• _TRY IT_
In the listing below, find the line with "Lengths in metres, angles" and the line with "Returns: one oriented". Repeat those two lines and all lines between them exactly.

• _EXTRACTED RECORDS_
◇ ◇ ◇ ◇ ◇ ◇ ◇

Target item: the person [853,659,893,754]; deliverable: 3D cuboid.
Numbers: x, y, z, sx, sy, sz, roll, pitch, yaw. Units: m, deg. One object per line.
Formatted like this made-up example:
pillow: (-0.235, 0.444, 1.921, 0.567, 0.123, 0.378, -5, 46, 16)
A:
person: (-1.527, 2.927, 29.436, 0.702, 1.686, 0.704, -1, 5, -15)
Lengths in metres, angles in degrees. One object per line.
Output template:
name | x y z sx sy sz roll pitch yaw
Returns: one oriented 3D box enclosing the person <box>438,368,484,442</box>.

◇ ◇ ◇ ◇ ◇ ◇ ◇

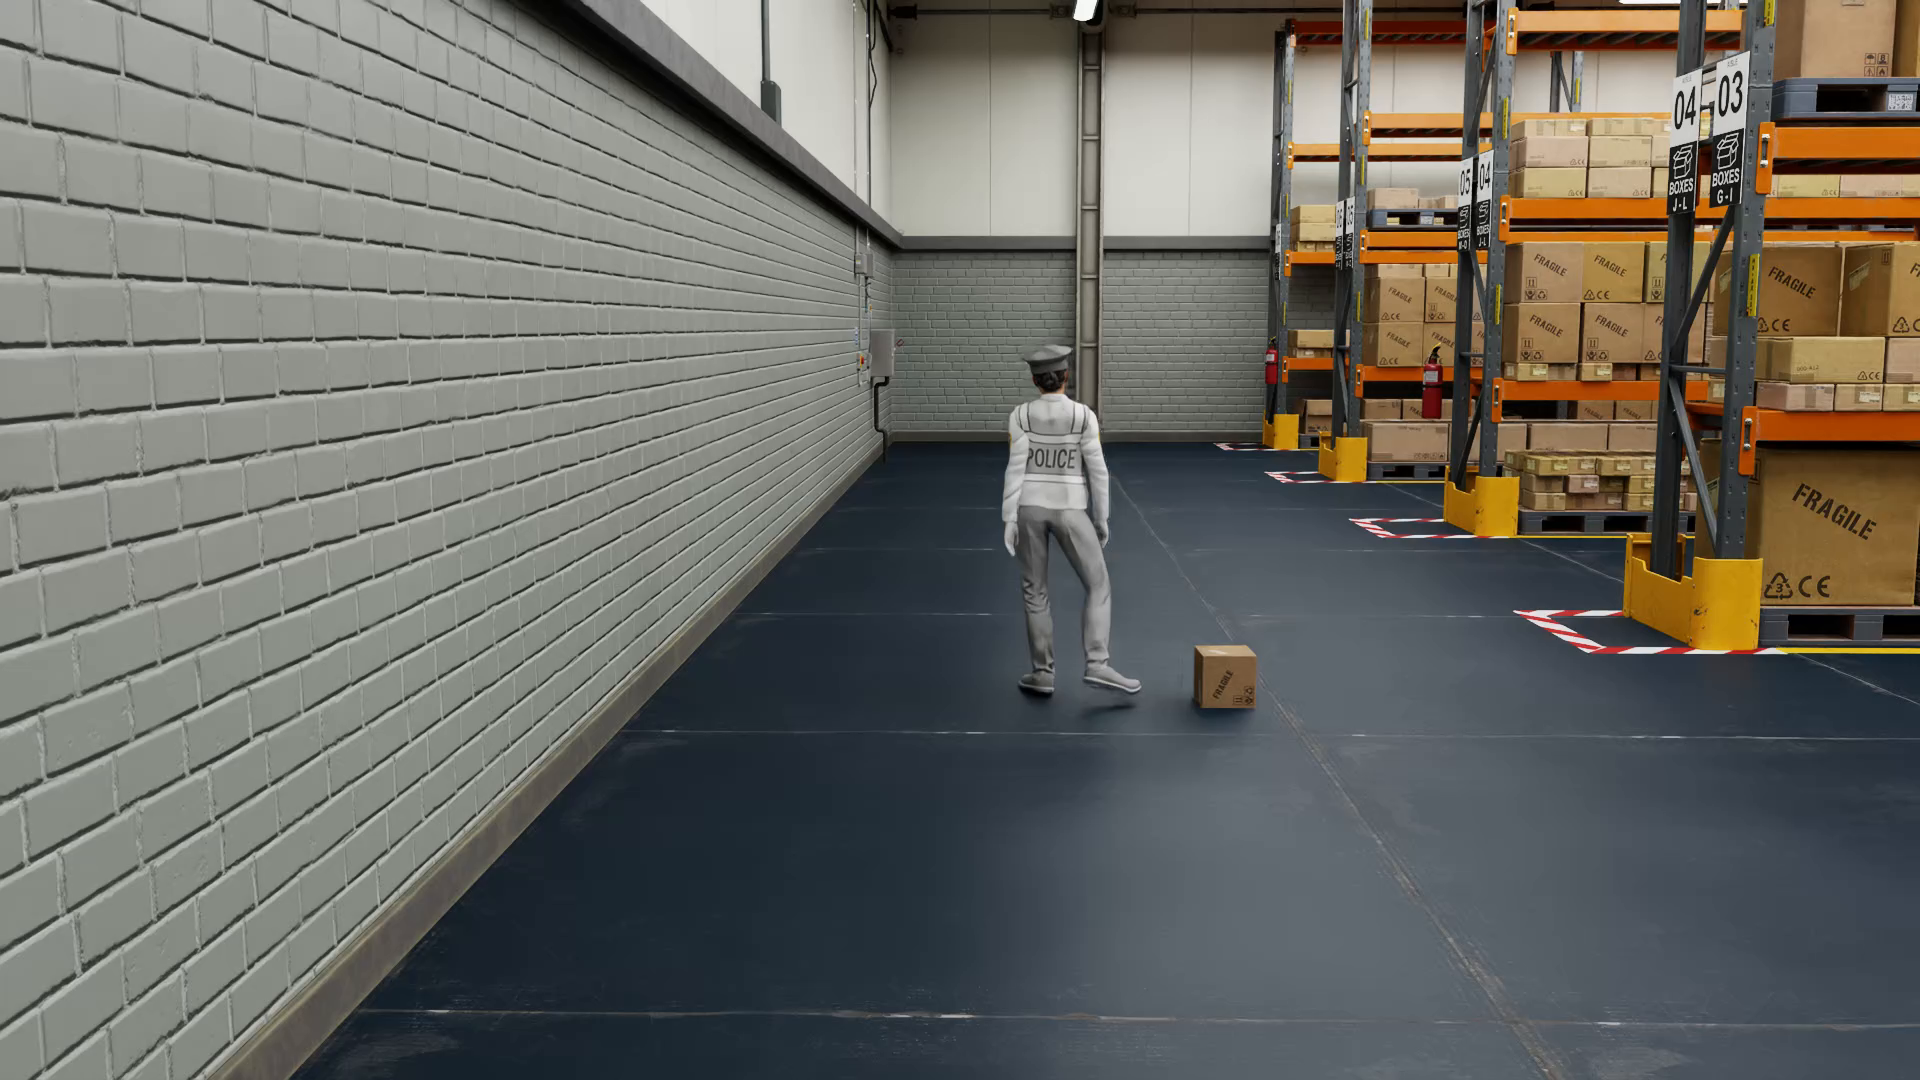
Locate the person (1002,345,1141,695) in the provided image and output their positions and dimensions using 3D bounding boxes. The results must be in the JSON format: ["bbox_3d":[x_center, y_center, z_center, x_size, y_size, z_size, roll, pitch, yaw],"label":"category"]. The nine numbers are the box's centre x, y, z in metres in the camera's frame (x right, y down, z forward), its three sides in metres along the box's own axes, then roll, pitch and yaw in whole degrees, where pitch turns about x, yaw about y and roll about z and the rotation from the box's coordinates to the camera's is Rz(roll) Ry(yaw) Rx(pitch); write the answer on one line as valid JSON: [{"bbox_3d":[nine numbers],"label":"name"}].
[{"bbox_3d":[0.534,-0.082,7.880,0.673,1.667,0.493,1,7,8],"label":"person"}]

◇ ◇ ◇ ◇ ◇ ◇ ◇

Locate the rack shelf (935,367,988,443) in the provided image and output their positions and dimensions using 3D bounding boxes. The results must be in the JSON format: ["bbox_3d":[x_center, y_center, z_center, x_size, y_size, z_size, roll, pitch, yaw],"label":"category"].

◇ ◇ ◇ ◇ ◇ ◇ ◇

• _ANSWER FOR THE TASK_
Lengths in metres, angles in degrees. One object per line.
Output template:
name | x y z sx sy sz roll pitch yaw
Returns: one oriented 3D box enclosing the person <box>438,368,484,442</box>.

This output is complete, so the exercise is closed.